3. JPMorgan Chase & Co. (NYSE:JPM)
Number of Hedge Fund Holders In Q3 2024: 105
Date of Cramer’s Comments: 9-10-24
Performance Since Then: 17.32%
JPMorgan Chase & Co. (NYSE:JPM) is a global banking giant with total assets worth a whopping $4.1 trillion. It also has one of the most diversified revenue streams among its peers. JPMorgan Chase & Co. (NYSE:JPM) earns 48% of its revenue through non-interest income, and within this dollar amount, 30% comes from asset management and investment banking. As a result, even if lower rates hurt JPMorgan Chase & Co. (NYSE:JPM)’s interest income, it can make up for the drop by benefiting from growth in capital markets. Investment banking led to a 4.4% share price jump in October when fees from the division grew by 31% during the third quarter. JPMorgan Chase & Co. (NYSE:JPM)’s shares also jumped by 11.5% after the November election. Here is what Cramer said in September:
“Today, Daniel Pinto, JPMorgan Chase & Co.’s President and Chief Operating Officer, lowered the boom on the optimists who desperately wanted to buy something other than tech. The big bank told us that things are less bullish than we thought. There isn’t as much capital markets activity as we’d hoped this quarter, and most importantly, the estimates for next year are too high because of a likely miss on net interest income.
“The key metric for banks, one that analysts expect to be good when rates are coming down, is net interest income. In short, JPMorgan Chase & Co. is going to miss the numbers next year. If the “beacon of finance” can’t make the estimates, how the heck will anyone else? So, the stock comes down 5%, at one point even uglier, and the rest of the banks roll over.
“It gets worse. Last year, Pinto said the company was slated to spend between $1 billion and $2 billion on tech. This year, JPMorgan Chase & Co. is spending $2 billion, but a lot of that is related to cracking down on fraud. Great, that’s a deadweight loss for the bank—a must-spend with no real return on investment. There’s an opportunity for AI to help them cut costs, especially among the 100,000 to 250,000 people in call centers or doing other back-office jobs, what he calls “operational” roles. Now, many of these people will be “impacted”—which, I guess, is code for laid off. The rest will be part of what he calls “operational efficiencies,” meaning getting more productivity from the same people.
“The good news here is that at least JPMorgan Chase & Co. will have some lower expenses over the next three to five years.

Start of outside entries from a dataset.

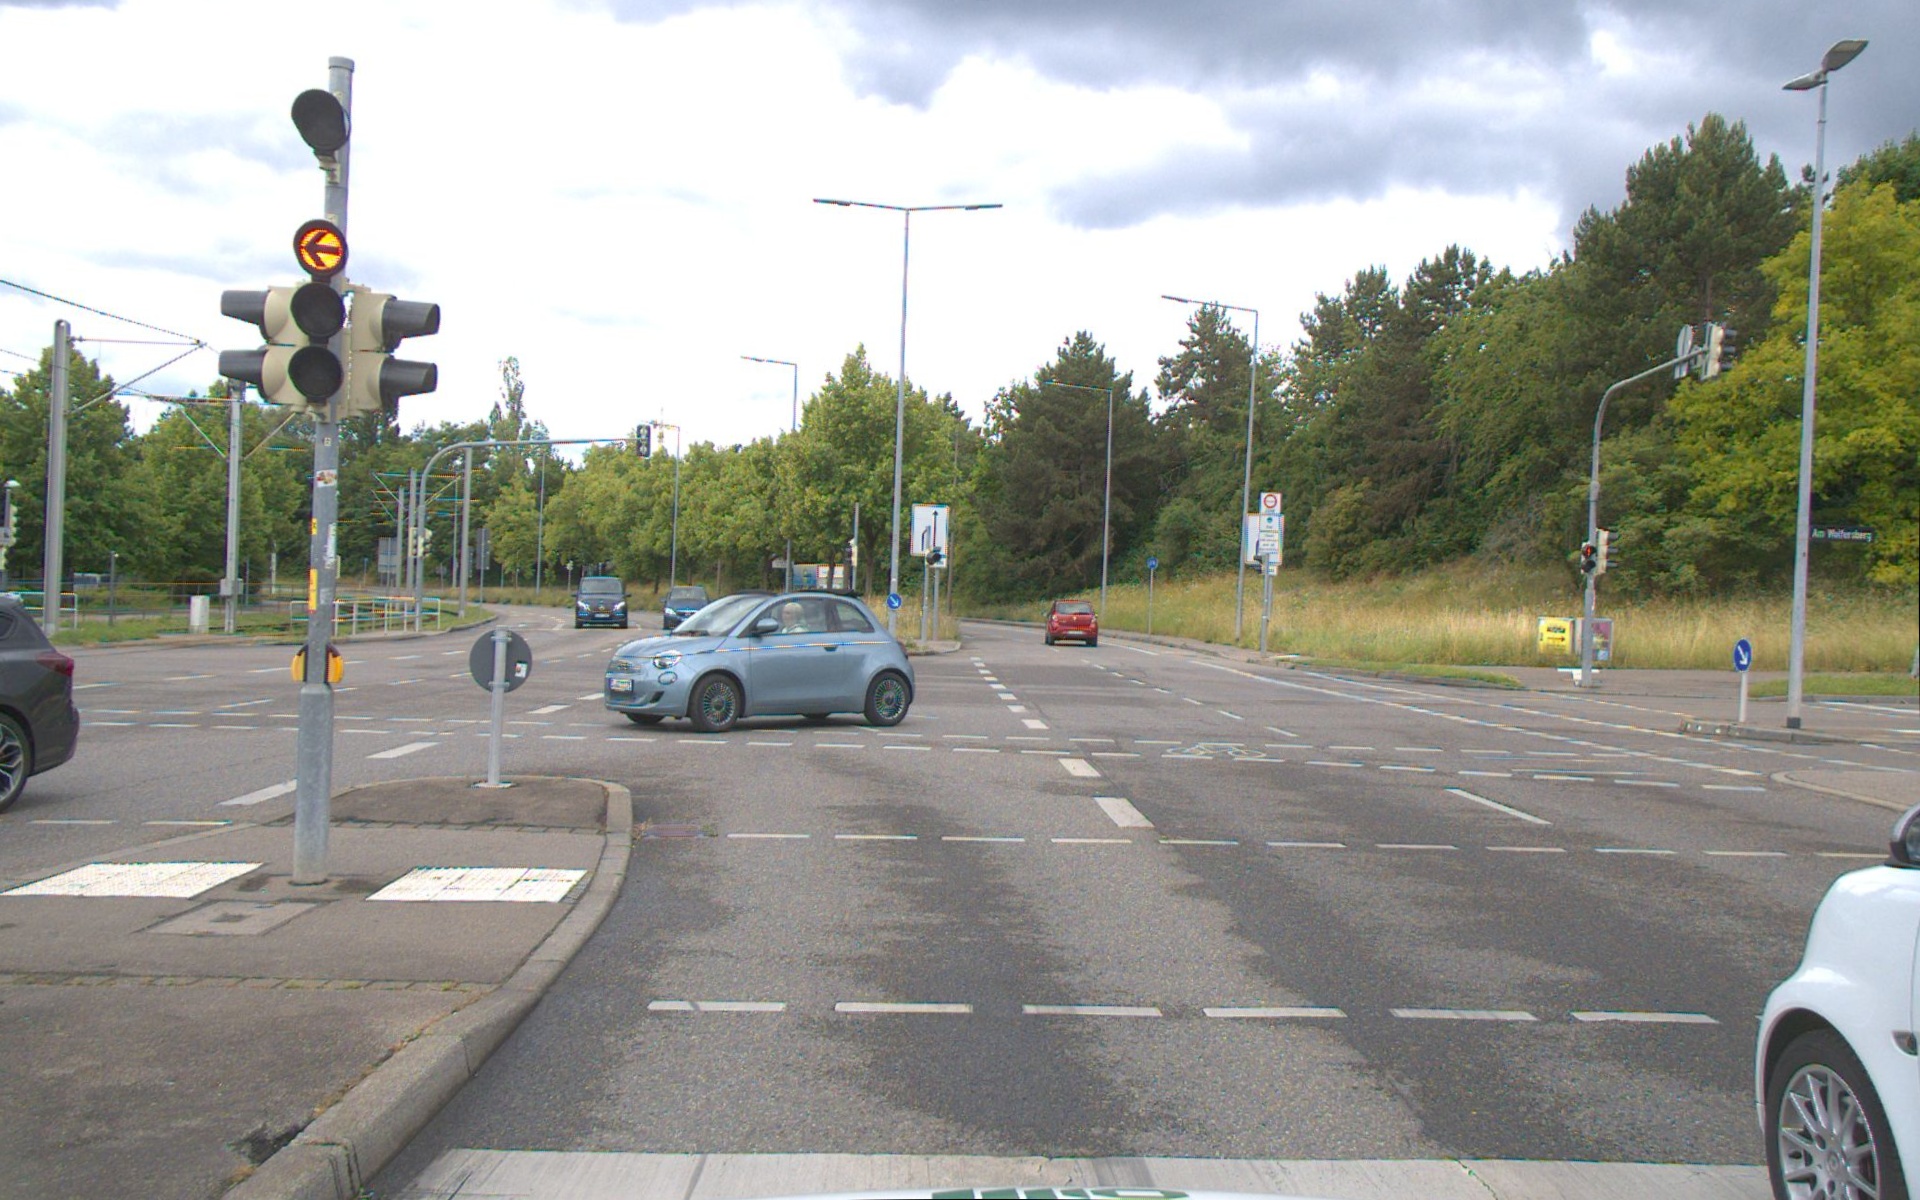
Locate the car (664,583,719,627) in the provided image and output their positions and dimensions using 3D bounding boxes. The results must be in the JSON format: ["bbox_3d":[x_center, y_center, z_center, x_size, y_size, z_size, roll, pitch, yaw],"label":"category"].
[{"bbox_3d":[-9.784,0.190,60.506,1.702,1.535,3.656,1,0,-5],"label":"car"}]

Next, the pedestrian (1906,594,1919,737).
[{"bbox_3d":[11.729,0.784,19.615,0.630,1.691,0.714,1,-1,6],"label":"pedestrian"}]

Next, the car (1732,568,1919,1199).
[{"bbox_3d":[2.733,0.716,2.803,1.559,1.543,2.766,1,0,0],"label":"car"}]

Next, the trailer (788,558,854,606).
[{"bbox_3d":[-9.319,-1.193,110.522,2.708,3.065,6.046,1,0,-22],"label":"trailer"}]

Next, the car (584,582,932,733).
[{"bbox_3d":[-2.242,0.613,18.765,3.565,1.555,1.737,1,-1,-39],"label":"car"}]

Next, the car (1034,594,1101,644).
[{"bbox_3d":[3.698,0.645,57.399,1.749,1.631,3.883,1,0,-5],"label":"car"}]

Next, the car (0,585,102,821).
[{"bbox_3d":[-7.142,0.604,9.029,1.830,1.449,4.436,1,0,15],"label":"car"}]

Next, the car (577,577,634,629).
[{"bbox_3d":[-13.249,0.094,62.037,1.853,1.844,5.080,0,0,-10],"label":"car"}]
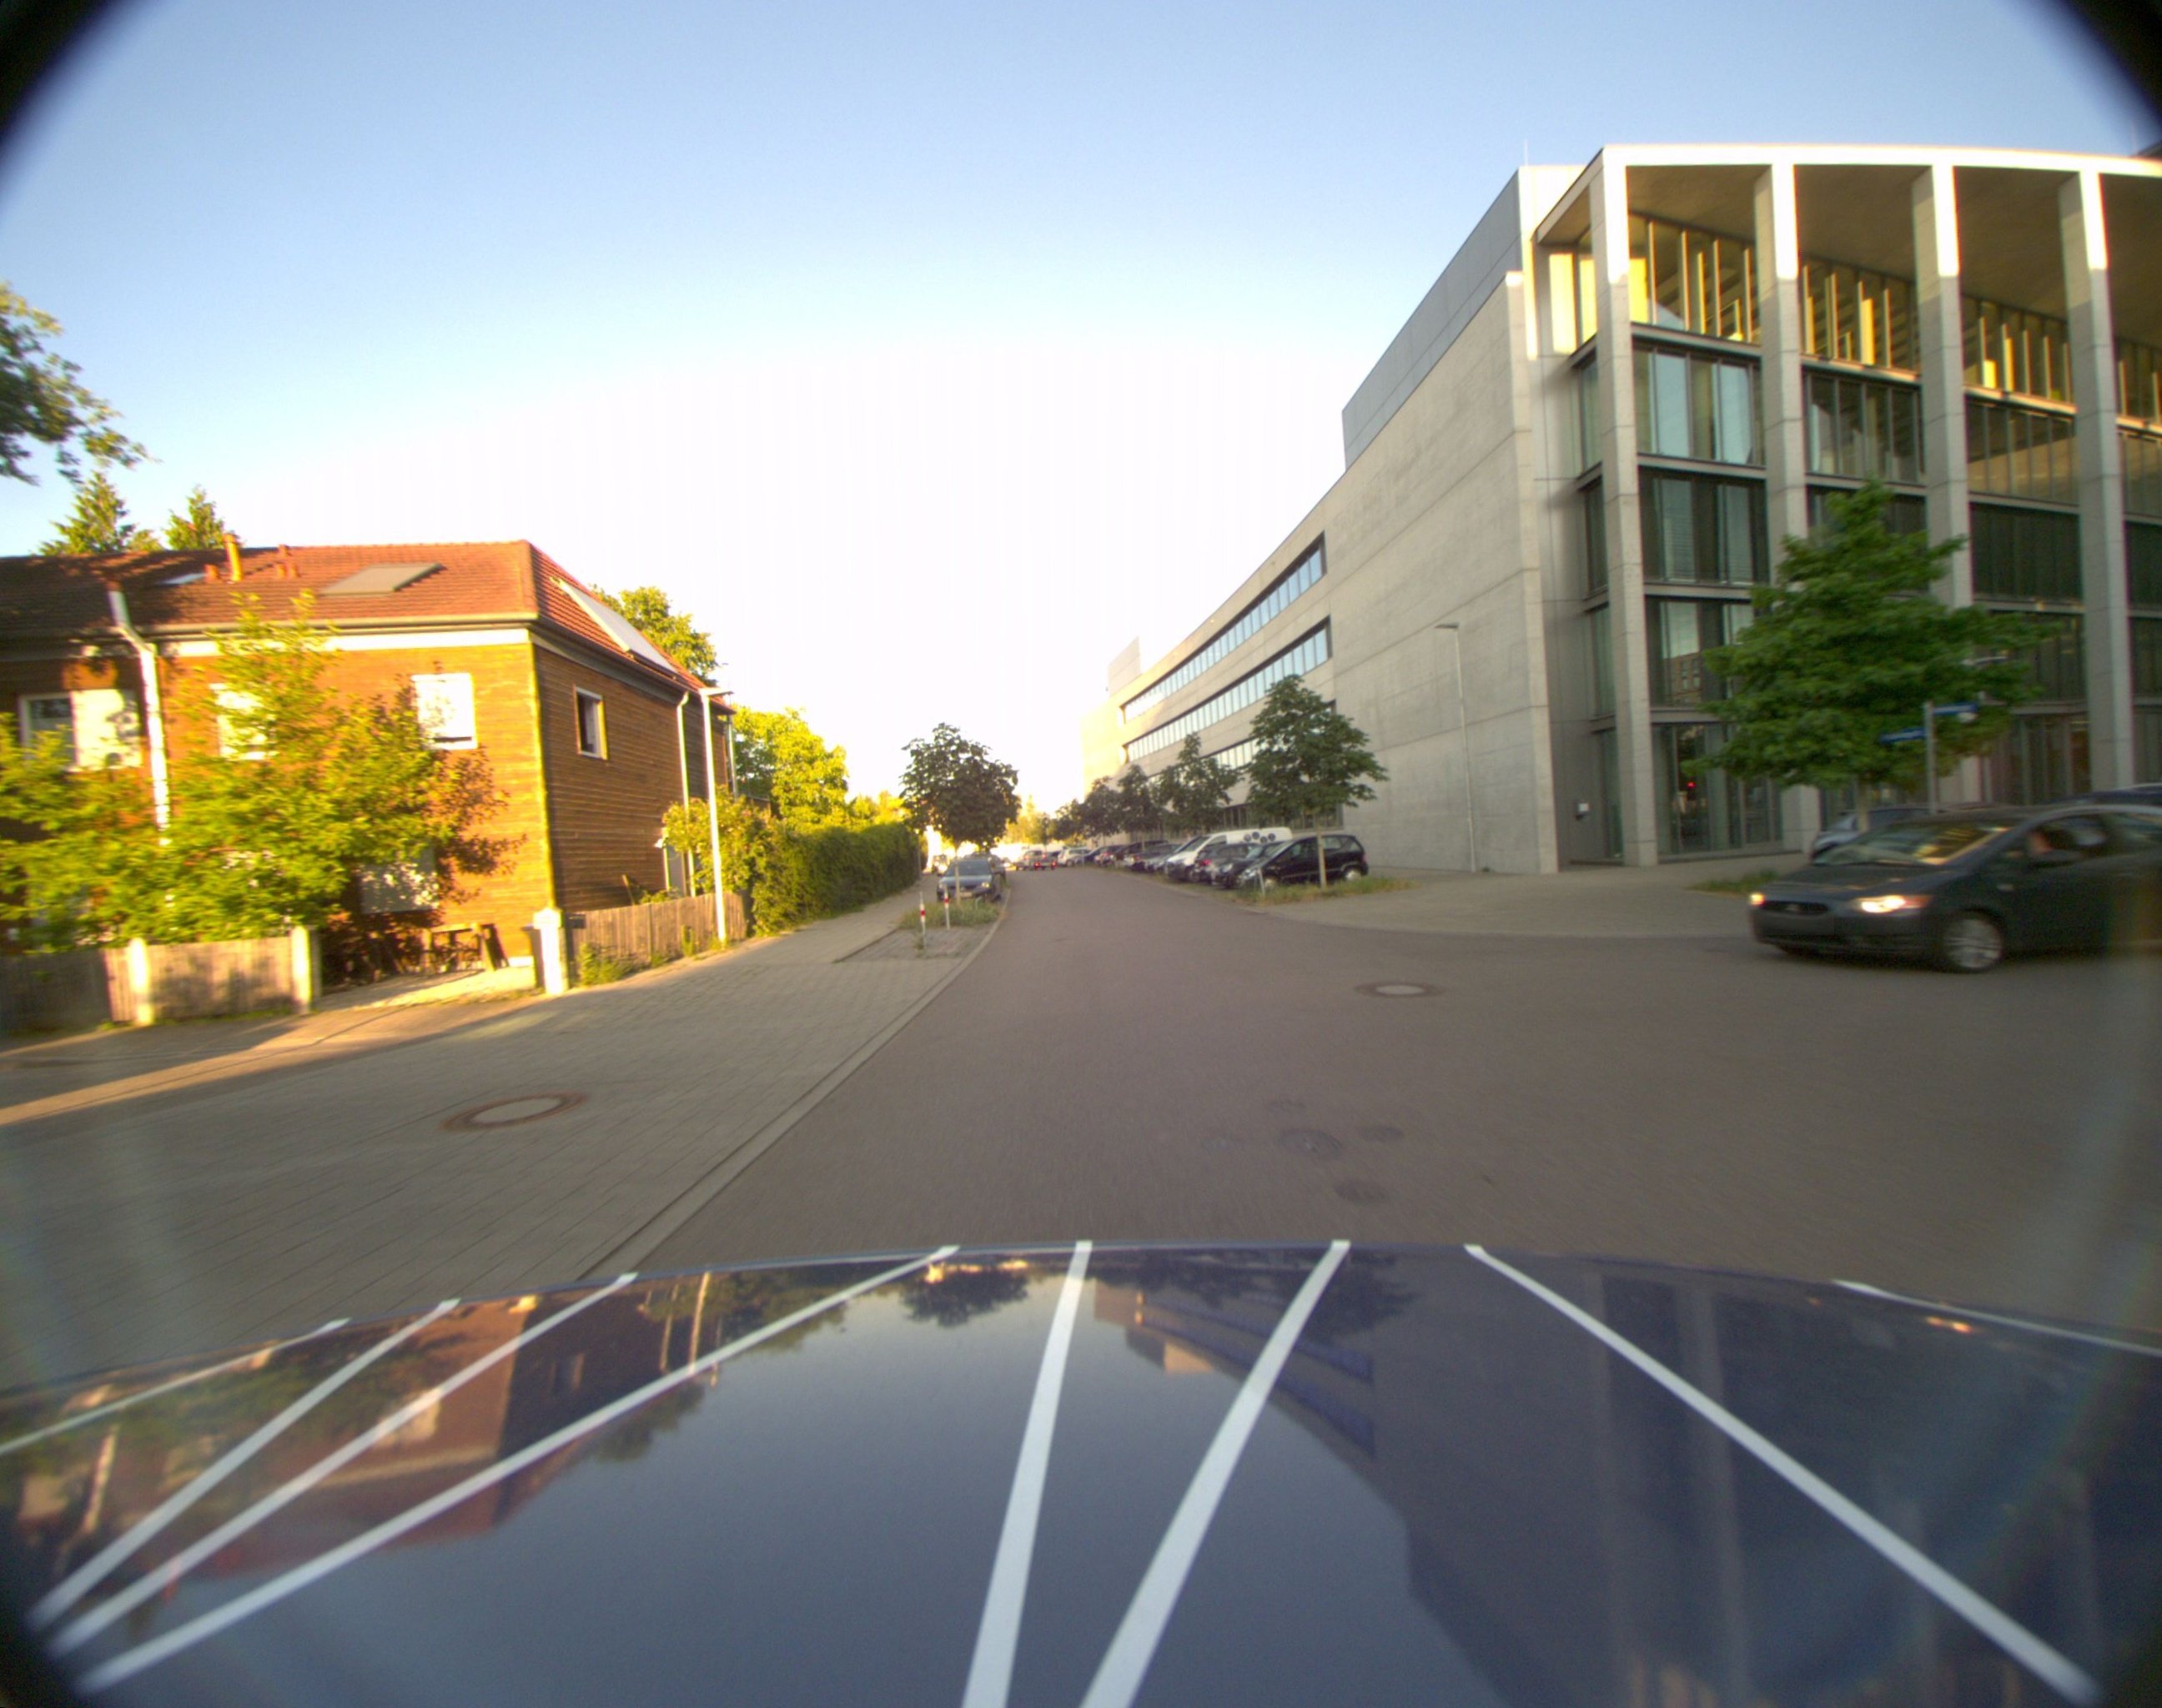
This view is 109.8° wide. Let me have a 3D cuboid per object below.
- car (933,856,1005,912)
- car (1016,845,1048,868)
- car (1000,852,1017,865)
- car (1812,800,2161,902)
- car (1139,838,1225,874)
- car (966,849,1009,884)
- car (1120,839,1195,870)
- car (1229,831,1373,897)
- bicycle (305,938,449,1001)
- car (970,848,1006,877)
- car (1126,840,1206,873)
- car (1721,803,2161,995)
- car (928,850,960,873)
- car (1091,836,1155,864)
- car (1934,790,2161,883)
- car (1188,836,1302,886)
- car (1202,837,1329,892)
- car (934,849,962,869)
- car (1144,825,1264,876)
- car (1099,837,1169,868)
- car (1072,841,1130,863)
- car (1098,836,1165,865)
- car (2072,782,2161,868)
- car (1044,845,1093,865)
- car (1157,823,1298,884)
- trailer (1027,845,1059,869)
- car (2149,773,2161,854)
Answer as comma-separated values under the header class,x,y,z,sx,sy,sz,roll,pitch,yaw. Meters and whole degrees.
class,x,y,z,sx,sy,sz,roll,pitch,yaw
car,-3.418,0.870,23.917,1.681,1.454,4.367,-3,1,-2
car,-3.844,0.219,59.095,1.765,1.611,4.774,-3,1,-11
car,-8.811,0.533,92.129,1.799,1.340,4.026,-6,1,-6
car,15.139,-0.119,12.843,1.649,1.378,3.815,-4,2,-6
car,4.942,0.097,37.464,3.813,1.353,1.798,-6,1,-6
car,-4.374,0.537,36.090,1.771,1.454,4.365,-3,1,-5
car,4.249,0.003,42.689,3.813,1.353,1.798,-6,1,-6
car,6.448,0.261,22.557,3.655,1.538,1.725,-6,1,0
bicycle,-11.115,1.820,12.026,1.700,0.793,0.566,-4,1,1
car,-5.155,0.458,42.636,1.771,1.454,4.365,-3,1,-5
car,4.442,0.102,40.231,3.813,1.353,1.798,-6,1,-6
car,8.953,0.364,7.619,3.735,1.487,1.648,-4,1,-4
car,-9.651,0.478,53.913,1.771,1.454,4.365,-3,1,-5
car,2.934,-0.297,53.337,4.029,1.574,1.798,-6,1,-11
car,17.648,-0.331,12.990,1.561,1.421,3.900,-4,2,-6
car,5.947,0.245,27.777,3.655,1.416,1.725,-6,1,-1
car,6.030,0.318,25.134,3.655,1.416,1.725,-6,1,0
car,-10.704,0.397,61.338,1.771,1.454,4.365,-3,1,-5
car,5.696,-0.158,35.412,5.083,1.817,1.888,-6,1,-6
car,3.351,-0.078,48.328,4.029,1.574,1.798,-6,1,-11
car,1.495,-0.156,58.169,4.029,1.340,1.798,-6,1,-11
car,3.362,-0.238,51.130,4.029,1.574,1.798,-6,1,-11
car,20.004,-0.515,12.570,1.649,1.484,4.133,-4,2,-6
car,-1.165,0.080,68.479,4.029,1.340,1.798,-6,1,-11
car,5.793,-0.047,30.446,5.083,1.870,1.888,-6,1,-6
trailer,-2.753,0.197,54.960,1.701,1.611,3.760,-3,1,-11
car,22.631,-0.795,13.394,1.649,1.619,4.133,-4,2,-6

Given that everything else is going the wrong way, maybe someday, at some point, there will actually be a return on investment in AI. But you can’t just say that out loud because it would require admitting that a lot of “deadwood” is about to get chopped—and deadwood, of course, means people. Wall Street used to actually say stuff like that, but these days we come up with cleaner, more indirect euphemisms. “Hey, we don’t do layoffs anymore, we find efficiencies, we right-size the workforce.”